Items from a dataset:
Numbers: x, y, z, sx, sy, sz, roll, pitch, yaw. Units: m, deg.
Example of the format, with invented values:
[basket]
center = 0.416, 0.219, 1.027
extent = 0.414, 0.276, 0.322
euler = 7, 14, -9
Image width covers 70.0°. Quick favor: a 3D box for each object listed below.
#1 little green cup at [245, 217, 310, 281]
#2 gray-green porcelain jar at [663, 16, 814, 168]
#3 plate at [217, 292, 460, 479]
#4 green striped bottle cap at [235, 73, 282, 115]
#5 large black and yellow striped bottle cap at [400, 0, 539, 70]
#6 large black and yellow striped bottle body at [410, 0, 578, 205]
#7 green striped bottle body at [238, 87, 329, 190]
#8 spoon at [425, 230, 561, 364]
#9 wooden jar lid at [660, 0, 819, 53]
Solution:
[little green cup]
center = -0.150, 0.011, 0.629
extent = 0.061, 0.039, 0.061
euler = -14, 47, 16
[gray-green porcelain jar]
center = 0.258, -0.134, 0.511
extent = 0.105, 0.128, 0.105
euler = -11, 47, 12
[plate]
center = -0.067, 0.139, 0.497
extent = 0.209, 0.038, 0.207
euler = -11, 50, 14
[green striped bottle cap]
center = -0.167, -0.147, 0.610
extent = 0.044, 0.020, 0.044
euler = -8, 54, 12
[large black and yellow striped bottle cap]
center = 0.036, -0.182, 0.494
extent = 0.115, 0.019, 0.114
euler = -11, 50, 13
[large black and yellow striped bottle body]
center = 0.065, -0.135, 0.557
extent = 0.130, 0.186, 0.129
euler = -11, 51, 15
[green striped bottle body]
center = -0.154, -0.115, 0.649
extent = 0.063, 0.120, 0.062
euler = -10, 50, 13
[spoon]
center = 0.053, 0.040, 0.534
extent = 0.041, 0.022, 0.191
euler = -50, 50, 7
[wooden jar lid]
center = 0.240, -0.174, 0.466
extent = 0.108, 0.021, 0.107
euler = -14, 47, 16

▶ _Your instructions_
Using the data above, extract exactly the lines from the one that holds "Image width covers" to the one that holds "#9 wooden jar lid at [660, 0, 819, 53]", both ends included, and no others.

▶ _Written reply_
Image width covers 70.0°. Quick favor: a 3D box for each object listed below.
#1 little green cup at [245, 217, 310, 281]
#2 gray-green porcelain jar at [663, 16, 814, 168]
#3 plate at [217, 292, 460, 479]
#4 green striped bottle cap at [235, 73, 282, 115]
#5 large black and yellow striped bottle cap at [400, 0, 539, 70]
#6 large black and yellow striped bottle body at [410, 0, 578, 205]
#7 green striped bottle body at [238, 87, 329, 190]
#8 spoon at [425, 230, 561, 364]
#9 wooden jar lid at [660, 0, 819, 53]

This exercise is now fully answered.